» What is expected
Only the lines below from the one containing "Your response must be concise. 4." to the one containing "Provide a short and direct response. 1.03e+06." should be repeated, both included and unchanged.

--------

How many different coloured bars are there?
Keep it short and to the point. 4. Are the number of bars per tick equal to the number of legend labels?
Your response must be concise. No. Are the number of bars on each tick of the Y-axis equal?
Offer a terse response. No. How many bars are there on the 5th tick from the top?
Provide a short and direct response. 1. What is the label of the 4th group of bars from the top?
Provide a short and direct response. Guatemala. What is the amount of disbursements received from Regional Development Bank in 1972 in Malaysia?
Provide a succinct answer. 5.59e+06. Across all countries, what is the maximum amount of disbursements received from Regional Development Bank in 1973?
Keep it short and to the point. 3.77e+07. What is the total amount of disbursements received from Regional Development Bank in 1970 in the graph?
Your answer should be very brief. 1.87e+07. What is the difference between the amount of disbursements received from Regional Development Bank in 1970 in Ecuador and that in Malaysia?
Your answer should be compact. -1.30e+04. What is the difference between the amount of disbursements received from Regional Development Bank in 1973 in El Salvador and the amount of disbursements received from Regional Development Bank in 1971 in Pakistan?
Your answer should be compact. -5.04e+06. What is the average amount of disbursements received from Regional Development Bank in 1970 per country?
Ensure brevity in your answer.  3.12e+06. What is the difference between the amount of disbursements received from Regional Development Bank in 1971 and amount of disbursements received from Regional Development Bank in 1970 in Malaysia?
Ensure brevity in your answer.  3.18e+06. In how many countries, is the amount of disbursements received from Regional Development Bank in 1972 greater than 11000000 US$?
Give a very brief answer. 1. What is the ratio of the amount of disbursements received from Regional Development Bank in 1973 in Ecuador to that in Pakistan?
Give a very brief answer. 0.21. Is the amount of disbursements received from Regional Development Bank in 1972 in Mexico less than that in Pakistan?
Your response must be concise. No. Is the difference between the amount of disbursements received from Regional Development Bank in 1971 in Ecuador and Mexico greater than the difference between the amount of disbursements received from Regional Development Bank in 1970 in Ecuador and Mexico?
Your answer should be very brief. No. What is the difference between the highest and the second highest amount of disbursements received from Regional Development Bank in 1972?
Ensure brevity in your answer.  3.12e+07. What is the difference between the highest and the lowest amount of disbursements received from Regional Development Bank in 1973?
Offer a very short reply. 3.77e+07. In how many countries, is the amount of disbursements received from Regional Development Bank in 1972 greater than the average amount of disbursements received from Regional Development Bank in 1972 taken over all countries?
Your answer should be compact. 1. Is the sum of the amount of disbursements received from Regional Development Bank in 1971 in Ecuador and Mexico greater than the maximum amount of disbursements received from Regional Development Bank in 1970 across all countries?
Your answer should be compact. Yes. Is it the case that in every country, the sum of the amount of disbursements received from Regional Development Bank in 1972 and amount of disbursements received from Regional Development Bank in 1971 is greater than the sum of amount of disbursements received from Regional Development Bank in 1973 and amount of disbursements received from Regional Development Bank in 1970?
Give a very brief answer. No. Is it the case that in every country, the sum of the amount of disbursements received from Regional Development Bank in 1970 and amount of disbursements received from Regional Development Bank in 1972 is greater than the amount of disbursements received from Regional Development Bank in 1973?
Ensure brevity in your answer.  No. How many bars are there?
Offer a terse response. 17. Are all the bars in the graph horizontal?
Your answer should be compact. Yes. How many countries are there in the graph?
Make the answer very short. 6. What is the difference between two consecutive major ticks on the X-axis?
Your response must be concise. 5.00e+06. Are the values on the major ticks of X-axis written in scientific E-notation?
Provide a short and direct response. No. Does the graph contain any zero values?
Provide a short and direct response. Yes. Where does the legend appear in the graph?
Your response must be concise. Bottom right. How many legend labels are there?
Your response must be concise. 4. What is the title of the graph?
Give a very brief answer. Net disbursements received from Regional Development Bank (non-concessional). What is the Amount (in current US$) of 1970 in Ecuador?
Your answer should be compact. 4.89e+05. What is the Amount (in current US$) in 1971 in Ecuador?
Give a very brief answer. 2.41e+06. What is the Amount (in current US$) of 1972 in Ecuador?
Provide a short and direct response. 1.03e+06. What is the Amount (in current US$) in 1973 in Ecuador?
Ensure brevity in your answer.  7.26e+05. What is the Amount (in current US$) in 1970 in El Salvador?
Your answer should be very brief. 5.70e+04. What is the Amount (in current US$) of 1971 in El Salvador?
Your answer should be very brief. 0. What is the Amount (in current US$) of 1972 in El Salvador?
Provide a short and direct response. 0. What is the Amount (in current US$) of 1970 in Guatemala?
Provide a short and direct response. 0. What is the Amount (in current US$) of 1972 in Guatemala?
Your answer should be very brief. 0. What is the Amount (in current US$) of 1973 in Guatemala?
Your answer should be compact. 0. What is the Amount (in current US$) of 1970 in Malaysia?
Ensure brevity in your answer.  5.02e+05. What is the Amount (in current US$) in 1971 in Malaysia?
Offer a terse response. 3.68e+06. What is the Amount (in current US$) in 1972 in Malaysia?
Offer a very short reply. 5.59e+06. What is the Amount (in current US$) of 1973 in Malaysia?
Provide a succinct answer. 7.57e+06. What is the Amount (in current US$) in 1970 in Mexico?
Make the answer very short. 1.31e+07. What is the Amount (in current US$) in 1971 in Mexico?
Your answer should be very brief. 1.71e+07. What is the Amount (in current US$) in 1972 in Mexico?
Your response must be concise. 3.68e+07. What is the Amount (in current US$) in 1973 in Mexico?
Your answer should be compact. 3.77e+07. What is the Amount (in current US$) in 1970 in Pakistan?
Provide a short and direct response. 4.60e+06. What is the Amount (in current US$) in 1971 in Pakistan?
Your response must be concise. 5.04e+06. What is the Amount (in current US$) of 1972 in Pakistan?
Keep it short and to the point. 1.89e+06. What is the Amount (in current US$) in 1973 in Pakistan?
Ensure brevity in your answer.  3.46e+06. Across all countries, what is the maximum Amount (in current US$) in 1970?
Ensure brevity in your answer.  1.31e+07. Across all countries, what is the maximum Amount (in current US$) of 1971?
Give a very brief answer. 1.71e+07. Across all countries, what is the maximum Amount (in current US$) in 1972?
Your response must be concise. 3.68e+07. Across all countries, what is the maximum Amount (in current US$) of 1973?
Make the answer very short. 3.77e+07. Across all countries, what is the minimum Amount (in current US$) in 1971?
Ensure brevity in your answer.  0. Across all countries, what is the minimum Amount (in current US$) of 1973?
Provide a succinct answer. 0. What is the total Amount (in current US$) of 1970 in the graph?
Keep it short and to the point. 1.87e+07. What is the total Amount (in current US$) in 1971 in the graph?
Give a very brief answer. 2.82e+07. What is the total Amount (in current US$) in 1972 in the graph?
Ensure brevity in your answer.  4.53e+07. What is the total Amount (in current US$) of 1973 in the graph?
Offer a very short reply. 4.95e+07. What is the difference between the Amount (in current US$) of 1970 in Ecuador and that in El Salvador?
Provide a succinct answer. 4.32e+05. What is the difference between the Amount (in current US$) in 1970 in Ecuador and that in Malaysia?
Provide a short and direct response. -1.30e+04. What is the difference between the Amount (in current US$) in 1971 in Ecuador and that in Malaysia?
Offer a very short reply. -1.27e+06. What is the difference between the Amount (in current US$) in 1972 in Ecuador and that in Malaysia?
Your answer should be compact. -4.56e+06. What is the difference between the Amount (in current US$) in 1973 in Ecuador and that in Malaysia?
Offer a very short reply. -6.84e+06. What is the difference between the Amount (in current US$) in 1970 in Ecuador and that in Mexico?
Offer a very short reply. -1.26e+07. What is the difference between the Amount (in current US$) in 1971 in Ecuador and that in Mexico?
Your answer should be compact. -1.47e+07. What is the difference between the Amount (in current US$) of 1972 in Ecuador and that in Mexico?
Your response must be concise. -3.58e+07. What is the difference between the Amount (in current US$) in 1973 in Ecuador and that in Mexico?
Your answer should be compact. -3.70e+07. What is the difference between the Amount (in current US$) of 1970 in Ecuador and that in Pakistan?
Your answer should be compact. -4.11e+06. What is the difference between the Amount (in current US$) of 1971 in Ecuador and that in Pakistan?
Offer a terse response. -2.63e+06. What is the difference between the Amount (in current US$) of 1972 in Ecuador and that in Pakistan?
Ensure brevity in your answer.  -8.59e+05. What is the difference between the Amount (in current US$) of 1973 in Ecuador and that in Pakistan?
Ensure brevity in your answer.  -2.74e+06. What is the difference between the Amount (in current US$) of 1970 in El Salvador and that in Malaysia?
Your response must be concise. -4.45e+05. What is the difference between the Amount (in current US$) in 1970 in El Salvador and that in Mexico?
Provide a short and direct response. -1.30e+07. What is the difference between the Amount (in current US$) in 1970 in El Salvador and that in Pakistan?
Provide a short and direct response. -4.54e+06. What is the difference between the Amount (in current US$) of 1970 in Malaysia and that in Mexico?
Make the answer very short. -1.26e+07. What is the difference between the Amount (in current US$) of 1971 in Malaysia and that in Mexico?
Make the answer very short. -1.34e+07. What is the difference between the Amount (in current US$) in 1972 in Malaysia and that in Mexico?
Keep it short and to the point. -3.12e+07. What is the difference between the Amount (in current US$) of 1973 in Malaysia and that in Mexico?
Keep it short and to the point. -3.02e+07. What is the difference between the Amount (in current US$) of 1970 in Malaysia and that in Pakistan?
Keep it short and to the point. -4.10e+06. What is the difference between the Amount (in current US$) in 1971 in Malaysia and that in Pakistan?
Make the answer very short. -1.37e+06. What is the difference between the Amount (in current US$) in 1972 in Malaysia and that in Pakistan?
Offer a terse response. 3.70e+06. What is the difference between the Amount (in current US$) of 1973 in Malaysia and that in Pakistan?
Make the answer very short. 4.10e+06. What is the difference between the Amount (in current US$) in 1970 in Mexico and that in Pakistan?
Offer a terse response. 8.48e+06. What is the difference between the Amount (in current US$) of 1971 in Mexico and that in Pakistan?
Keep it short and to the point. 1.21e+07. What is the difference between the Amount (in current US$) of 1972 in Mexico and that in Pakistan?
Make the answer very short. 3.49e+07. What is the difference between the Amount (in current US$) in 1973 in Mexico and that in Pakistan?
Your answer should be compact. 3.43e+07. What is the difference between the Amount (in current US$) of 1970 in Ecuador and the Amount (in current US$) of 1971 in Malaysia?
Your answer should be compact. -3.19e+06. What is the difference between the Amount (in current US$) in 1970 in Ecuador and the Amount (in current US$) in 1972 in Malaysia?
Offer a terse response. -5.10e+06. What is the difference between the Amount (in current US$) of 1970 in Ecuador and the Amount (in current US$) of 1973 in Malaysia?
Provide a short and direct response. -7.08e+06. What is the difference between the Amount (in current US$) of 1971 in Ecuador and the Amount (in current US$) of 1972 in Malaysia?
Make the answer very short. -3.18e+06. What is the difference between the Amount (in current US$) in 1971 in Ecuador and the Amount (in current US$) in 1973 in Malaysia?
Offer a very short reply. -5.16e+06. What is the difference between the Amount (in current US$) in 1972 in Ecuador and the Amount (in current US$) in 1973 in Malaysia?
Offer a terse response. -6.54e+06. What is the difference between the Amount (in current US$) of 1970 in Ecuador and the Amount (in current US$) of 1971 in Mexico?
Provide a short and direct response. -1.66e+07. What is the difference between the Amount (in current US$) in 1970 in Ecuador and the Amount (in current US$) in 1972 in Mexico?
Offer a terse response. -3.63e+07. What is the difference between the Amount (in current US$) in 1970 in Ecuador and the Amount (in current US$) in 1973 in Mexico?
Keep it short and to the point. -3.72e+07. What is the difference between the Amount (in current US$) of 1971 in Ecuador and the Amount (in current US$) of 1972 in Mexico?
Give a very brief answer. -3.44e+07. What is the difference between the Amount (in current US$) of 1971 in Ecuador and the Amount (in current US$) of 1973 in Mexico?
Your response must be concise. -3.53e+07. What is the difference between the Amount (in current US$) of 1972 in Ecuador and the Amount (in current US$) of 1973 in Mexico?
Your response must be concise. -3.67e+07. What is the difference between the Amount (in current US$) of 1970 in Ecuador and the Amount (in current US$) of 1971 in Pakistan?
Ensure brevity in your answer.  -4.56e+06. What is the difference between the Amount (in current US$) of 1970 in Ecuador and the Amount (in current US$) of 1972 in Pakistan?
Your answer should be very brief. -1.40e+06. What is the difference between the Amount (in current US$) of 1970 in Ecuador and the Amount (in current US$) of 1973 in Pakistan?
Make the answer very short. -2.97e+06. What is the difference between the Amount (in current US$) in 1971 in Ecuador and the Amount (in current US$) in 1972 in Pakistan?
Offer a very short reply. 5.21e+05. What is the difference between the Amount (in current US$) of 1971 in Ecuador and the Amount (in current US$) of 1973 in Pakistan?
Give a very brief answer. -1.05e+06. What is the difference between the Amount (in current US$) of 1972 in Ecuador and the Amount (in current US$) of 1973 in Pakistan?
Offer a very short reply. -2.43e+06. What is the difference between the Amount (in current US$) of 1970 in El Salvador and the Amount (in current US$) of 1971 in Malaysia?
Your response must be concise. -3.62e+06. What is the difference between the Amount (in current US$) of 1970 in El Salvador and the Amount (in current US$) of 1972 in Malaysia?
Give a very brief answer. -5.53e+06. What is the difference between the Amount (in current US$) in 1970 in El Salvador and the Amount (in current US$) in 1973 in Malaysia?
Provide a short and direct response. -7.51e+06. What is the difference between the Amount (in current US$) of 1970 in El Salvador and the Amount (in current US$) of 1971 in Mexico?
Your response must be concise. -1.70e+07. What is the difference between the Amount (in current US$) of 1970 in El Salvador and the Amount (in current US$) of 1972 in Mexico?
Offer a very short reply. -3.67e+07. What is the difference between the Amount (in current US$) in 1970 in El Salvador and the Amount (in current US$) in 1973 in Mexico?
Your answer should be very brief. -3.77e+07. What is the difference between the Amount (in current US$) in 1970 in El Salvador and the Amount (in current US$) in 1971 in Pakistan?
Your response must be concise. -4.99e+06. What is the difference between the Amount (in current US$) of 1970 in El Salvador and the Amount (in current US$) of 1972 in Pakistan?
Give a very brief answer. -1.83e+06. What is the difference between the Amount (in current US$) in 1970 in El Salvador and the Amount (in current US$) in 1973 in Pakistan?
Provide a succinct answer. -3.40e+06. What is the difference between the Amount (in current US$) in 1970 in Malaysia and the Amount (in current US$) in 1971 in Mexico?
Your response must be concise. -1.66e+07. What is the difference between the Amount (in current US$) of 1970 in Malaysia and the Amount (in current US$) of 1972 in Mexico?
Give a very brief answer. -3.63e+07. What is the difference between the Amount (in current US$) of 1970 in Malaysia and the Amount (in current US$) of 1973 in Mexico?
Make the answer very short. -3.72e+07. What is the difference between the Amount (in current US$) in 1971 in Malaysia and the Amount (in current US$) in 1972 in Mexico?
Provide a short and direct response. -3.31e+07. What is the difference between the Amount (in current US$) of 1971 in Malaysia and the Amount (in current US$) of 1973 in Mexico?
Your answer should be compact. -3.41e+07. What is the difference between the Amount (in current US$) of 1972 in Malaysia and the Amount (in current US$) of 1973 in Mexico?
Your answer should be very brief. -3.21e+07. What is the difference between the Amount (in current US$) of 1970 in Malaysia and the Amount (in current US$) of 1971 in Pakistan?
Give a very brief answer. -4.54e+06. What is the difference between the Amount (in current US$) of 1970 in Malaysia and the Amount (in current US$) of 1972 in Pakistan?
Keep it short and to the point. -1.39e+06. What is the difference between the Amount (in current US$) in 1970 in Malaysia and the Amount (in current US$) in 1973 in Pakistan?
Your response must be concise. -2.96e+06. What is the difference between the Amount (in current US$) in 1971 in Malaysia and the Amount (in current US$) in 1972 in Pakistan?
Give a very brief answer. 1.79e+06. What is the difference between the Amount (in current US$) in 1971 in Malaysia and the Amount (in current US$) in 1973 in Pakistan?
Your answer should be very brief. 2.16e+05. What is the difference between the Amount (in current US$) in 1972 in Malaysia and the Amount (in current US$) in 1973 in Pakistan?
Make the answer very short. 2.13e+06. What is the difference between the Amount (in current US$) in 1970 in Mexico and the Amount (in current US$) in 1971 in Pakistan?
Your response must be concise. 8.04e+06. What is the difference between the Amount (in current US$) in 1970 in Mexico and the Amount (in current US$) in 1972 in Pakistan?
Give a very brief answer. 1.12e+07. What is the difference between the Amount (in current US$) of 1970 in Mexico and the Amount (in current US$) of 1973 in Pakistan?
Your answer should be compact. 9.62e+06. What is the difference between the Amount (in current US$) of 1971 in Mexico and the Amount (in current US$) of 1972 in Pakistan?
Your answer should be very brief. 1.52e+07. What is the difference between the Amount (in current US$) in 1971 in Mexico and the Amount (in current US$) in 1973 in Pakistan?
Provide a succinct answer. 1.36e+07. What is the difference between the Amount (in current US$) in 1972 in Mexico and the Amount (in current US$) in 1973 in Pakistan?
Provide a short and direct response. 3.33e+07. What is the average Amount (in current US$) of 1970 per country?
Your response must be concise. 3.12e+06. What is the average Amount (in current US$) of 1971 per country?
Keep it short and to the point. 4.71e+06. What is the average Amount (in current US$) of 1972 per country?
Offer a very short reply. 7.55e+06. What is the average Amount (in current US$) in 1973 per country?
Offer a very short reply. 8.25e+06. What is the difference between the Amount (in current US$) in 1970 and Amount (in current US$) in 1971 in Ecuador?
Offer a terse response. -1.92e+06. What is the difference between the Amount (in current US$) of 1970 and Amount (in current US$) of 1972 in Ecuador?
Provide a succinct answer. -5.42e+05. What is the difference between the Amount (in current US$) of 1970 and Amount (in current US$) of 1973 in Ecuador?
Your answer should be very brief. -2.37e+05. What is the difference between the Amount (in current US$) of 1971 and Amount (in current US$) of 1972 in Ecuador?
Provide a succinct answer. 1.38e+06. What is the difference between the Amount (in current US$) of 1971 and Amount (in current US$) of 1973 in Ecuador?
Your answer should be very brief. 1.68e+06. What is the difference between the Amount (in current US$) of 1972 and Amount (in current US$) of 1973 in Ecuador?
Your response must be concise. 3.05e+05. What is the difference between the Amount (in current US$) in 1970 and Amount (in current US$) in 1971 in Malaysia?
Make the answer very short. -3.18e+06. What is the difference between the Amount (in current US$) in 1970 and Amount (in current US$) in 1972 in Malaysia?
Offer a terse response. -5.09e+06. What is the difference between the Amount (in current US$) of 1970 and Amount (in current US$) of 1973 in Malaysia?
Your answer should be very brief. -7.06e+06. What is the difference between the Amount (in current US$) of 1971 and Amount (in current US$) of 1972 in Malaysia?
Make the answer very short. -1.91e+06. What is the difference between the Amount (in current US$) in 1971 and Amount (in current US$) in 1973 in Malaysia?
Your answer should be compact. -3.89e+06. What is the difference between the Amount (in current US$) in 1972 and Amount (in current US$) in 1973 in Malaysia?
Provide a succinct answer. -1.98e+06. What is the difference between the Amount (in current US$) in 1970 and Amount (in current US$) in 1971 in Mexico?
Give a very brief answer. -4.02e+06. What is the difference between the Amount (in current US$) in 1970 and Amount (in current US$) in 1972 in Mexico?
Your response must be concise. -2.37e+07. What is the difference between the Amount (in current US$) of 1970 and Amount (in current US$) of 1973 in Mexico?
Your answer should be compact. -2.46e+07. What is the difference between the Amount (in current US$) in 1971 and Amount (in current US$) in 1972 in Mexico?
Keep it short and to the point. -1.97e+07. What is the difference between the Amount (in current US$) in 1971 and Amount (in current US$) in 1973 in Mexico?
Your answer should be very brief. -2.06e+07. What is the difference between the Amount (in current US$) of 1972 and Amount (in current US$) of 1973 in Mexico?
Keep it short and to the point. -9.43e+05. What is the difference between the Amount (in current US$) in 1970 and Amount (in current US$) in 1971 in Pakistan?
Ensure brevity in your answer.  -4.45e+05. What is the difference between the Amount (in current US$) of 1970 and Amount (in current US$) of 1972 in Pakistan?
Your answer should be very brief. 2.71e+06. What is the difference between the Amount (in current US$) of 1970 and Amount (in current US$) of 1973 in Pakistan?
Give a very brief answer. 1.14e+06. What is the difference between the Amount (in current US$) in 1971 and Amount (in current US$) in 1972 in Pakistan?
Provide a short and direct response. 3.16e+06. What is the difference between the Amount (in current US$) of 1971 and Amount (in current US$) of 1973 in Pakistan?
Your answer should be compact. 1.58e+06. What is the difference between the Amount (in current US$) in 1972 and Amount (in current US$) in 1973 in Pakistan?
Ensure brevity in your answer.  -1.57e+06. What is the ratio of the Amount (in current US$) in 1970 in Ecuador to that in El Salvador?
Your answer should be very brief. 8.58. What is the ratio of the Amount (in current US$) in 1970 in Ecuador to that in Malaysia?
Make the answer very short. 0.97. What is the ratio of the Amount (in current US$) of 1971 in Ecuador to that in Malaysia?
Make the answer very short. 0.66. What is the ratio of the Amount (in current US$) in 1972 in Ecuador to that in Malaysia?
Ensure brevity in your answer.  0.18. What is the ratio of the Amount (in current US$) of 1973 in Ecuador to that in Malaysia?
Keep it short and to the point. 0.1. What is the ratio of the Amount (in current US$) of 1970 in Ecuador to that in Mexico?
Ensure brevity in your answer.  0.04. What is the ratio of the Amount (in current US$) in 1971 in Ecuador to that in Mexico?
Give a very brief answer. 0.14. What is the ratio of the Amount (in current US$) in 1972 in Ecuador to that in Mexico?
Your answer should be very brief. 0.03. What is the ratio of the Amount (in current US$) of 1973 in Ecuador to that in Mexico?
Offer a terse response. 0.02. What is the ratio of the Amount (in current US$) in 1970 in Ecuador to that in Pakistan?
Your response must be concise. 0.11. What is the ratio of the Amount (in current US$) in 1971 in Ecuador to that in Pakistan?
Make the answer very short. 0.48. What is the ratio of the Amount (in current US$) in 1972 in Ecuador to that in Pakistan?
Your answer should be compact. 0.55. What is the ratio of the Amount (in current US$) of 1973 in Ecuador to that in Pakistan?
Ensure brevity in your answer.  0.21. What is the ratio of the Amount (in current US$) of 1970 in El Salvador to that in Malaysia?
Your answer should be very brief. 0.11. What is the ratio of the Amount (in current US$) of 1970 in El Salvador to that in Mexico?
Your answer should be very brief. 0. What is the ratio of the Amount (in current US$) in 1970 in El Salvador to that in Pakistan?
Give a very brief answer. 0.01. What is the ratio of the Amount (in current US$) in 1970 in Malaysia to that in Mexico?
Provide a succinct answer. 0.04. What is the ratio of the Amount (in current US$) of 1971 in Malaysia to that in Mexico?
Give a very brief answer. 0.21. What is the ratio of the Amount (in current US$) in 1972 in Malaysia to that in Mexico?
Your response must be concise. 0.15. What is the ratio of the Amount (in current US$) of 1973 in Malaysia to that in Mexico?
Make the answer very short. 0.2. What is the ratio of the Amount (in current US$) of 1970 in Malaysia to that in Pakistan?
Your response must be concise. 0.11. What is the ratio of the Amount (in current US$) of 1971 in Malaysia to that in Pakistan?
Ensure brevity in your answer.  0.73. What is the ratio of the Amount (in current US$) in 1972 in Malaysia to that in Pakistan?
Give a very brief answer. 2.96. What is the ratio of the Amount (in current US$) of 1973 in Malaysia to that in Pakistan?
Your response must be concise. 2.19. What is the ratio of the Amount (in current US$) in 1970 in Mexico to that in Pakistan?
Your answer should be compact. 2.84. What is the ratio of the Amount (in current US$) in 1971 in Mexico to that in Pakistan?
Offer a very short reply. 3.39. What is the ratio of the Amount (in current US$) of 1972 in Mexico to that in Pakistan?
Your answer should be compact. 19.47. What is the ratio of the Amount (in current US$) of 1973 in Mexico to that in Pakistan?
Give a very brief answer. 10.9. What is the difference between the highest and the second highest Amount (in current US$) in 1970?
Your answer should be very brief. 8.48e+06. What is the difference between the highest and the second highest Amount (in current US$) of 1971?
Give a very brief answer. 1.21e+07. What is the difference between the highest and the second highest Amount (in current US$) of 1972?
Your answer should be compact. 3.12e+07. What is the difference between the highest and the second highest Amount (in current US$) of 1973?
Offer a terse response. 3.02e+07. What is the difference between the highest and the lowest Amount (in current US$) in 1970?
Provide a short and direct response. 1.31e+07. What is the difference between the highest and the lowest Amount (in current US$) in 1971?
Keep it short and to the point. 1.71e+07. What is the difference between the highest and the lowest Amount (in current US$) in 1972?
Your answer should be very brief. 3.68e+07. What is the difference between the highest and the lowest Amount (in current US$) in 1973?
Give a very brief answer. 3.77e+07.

--------

» Completed exercise
Your response must be concise. 4. What is the title of the graph?
Give a very brief answer. Net disbursements received from Regional Development Bank (non-concessional). What is the Amount (in current US$) of 1970 in Ecuador?
Your answer should be compact. 4.89e+05. What is the Amount (in current US$) in 1971 in Ecuador?
Give a very brief answer. 2.41e+06. What is the Amount (in current US$) of 1972 in Ecuador?
Provide a short and direct response. 1.03e+06. What is the Amount (in current US$) in 1973 in Ecuador?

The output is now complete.